A hash function is a function that takes an array consisting of an arbitrary number of bytes as input and converts it to an output array of fixed size. The output array is usually shorter than the input array. This is a loose definition, but if you’ve dealt with hashing, this is exactly the way hash functions work.

A one-way hash function is a hash function that works in only one direction—it should be very difficult, if not almost impossible, to obtain the input array from the hash value. A good one-way hash function won’t map two different input arrays to the same hash value. This makes one-way hash functions a good way to summarize or fingerprint some data.

In the cryptography world, the terms one-way hash function; cryptographic checksum, and message digest all mean the same thing. These functions are used to check whether data has been tampered with. You do this by taking the data and computing the hash value for it. Then you transmit the data and the hash value to someone else. The recipient takes the data, computes the hash value for it (the hash algorithm is usually public), and compares the computed hash value with the received hash value. If they’re the same, the data hasn’t been altered. If they’re different, then the data has been altered, because no two input values yield the same hash value.

You may also see the term message authentication code (MAC). This is a one-way hash function that’s combined with a secret key. Unless you have the secret key, the recipient can’t verify the hash function. An easy way to implement a MAC is to compute a one-way hash value and then encrypt the hash value with a symmetric key encryption scheme.

Common one-way hashing algorithms are Secure Hash Algorithm 1 (SHA1) and Message-Digest 5 (MD5). SHA1 is the algorithm of choice because MD5 is based on the MD4 algorithm, which has been broken. SHA1 produces a 160-bit hash value, whereas MD5 produces a 128-bit hash value.

Symmetric Key Encryption

Symmetric key encryption is also known as secret key encryption. With these encryption schemes, you can exchange data securely with anyone who knows the encryption key. The details of the encryption algorithm can be well known, but as long as the key is a secret, your data will be safe. When people say encryption, they’re usually referring to symmetric key encryption. Usually, the strength of a symmetric key algorithm depends on the size of the encryption key: The longer the key, the stronger the algorithm.

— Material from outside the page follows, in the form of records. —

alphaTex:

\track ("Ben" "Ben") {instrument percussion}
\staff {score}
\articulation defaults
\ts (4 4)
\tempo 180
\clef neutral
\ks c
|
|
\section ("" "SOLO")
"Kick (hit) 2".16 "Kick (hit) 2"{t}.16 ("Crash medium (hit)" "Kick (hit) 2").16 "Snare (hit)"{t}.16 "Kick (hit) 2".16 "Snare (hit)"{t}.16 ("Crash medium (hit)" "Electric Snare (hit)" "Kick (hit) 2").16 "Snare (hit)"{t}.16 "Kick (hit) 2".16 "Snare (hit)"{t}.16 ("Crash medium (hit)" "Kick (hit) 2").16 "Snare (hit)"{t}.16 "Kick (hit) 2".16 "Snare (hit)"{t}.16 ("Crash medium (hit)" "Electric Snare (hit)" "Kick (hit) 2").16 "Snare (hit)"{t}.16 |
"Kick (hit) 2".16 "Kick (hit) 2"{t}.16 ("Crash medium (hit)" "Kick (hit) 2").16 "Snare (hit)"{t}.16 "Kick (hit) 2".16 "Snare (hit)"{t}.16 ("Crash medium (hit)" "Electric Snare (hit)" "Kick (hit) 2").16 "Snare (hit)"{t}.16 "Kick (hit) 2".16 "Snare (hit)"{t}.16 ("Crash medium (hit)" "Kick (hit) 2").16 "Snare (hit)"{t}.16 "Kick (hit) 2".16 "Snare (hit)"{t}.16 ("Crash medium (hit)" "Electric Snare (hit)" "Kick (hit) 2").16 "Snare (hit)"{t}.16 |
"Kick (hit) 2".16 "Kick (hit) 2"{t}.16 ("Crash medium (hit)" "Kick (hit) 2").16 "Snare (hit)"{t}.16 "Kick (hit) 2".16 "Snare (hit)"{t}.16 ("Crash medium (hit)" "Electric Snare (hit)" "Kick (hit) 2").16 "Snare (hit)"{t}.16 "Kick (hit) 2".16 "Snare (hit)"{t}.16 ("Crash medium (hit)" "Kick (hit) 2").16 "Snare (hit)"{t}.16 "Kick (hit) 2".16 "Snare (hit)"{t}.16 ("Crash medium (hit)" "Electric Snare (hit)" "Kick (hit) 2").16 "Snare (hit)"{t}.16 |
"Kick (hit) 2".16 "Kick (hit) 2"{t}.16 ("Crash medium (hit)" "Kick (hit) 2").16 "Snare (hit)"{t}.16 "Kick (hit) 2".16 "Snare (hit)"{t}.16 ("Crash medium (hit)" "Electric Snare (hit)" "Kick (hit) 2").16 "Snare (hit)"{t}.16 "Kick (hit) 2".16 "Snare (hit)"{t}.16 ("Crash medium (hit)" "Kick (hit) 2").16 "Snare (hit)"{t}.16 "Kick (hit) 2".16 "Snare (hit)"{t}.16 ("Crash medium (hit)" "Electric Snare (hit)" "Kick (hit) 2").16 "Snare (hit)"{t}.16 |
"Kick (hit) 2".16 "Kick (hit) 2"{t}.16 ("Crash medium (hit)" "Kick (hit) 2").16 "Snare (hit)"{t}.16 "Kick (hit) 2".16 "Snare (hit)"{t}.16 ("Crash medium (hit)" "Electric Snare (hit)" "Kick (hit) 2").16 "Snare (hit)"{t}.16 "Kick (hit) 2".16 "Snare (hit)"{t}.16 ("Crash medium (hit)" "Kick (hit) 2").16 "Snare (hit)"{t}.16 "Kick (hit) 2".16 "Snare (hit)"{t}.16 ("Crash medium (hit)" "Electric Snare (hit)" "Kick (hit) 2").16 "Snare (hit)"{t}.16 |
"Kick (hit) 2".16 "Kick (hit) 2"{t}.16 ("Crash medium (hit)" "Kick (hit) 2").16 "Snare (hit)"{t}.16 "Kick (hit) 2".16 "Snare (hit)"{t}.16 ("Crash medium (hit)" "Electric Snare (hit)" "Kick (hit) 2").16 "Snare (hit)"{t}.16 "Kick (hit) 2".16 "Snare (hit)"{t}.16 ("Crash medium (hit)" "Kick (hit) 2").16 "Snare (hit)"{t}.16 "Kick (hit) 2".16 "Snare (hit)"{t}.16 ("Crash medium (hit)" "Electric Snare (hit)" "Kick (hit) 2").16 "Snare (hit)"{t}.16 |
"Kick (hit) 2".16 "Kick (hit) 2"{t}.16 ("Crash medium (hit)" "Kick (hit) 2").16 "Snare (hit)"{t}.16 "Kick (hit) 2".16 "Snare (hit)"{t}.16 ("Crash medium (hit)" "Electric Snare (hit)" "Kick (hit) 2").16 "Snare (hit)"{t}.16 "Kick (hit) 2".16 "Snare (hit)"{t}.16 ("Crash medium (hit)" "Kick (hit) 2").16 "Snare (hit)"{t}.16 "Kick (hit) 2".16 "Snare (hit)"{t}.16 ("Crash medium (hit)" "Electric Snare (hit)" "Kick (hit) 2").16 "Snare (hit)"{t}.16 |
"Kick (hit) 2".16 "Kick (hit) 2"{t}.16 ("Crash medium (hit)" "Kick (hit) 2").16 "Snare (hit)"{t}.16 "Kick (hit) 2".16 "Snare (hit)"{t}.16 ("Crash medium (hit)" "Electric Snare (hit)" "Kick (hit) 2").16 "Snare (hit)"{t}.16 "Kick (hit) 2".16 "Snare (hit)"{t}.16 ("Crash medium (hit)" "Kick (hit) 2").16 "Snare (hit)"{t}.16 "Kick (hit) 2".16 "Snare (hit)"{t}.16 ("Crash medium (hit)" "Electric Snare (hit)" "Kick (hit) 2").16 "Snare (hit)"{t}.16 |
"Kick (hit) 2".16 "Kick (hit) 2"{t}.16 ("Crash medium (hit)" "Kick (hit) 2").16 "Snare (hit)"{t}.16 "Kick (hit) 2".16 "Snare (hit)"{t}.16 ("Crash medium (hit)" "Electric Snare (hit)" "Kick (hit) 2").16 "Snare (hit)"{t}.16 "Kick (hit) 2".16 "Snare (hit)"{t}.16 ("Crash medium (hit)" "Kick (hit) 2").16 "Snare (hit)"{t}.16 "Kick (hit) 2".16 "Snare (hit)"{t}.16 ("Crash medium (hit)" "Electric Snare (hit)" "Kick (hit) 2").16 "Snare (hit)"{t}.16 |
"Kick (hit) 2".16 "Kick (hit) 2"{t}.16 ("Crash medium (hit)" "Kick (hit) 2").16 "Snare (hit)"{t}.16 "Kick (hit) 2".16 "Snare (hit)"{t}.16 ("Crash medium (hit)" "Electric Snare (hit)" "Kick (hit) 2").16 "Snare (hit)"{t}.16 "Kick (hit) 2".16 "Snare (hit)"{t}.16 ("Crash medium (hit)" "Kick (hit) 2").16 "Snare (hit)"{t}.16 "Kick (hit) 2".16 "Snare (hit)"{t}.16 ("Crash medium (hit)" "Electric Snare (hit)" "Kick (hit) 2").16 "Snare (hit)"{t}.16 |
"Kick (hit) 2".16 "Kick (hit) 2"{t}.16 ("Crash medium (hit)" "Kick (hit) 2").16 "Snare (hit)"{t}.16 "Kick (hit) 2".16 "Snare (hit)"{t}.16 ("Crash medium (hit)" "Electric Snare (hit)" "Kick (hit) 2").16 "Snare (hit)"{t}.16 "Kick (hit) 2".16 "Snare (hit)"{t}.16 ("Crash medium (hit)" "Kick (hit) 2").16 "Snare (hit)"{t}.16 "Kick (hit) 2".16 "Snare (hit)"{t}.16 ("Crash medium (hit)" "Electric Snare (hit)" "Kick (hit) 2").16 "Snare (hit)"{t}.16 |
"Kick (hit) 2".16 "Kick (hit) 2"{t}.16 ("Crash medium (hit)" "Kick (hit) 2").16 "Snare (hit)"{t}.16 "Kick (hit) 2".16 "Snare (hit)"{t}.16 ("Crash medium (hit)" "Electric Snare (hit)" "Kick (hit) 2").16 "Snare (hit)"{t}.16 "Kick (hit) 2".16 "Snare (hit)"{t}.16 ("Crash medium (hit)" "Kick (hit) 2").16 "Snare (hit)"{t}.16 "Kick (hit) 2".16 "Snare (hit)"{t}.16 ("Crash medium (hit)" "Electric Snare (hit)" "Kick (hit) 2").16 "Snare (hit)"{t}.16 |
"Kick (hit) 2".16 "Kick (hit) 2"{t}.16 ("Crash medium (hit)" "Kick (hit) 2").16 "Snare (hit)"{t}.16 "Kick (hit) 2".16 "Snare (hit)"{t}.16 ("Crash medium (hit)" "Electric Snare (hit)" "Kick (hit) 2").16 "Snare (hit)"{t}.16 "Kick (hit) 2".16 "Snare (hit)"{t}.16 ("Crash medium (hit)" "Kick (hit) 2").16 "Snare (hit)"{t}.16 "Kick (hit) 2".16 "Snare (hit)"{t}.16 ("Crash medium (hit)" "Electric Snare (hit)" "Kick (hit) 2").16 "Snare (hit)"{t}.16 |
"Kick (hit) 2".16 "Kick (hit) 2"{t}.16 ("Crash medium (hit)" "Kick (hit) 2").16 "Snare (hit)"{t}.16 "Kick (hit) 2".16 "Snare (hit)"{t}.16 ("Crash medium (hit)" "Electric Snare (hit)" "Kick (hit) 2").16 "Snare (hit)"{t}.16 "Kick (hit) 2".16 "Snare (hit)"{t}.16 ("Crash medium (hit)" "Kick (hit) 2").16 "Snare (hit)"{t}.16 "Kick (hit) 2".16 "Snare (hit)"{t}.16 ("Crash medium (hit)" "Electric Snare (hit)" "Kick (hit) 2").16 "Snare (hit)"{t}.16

Some common symmetric key algorithms are DES, Triple DES (or 3-DES), Advanced Encryption Standard (AES), CAST, International Data Encryption Algorithm (IDEA), and Blowfish. DES is the U.S. Governments Data Encryption Standard, which until recently was the algorithm approved for all U.S. Government encryption. Triple DES is just what it sounds like: The data to be encrypted is encrypted using the DES algorithm three times. DES was replaced by the Advanced Encryption Standard (AES) in 2000. IDEA is considered a very secure symmetric key algorithm; CAST was designed in Canada and has been used in some commercial products. Blowfish was designed by Bruce Schneier of CounterPane and is in the public domain. Blowfish has been widely implemented and will appear in the Linux 2.6 series kernels.

Public Key Encryption

Public key encryption uses two keys: a private key, which is kept secret; and a public key, which is distributed to whoever wants it. In public key systems, the private key and public key are generated together. Public key encryption works like this. A person who wants to send a message to the holder of a private key takes that person’s public key and uses it to encrypt a message. The only way to decrypt a message that has been encrypted with that public key is to use the corresponding private key. If everyone has a public key and a private key, then you have a system in which a person can send secret messages to any other person.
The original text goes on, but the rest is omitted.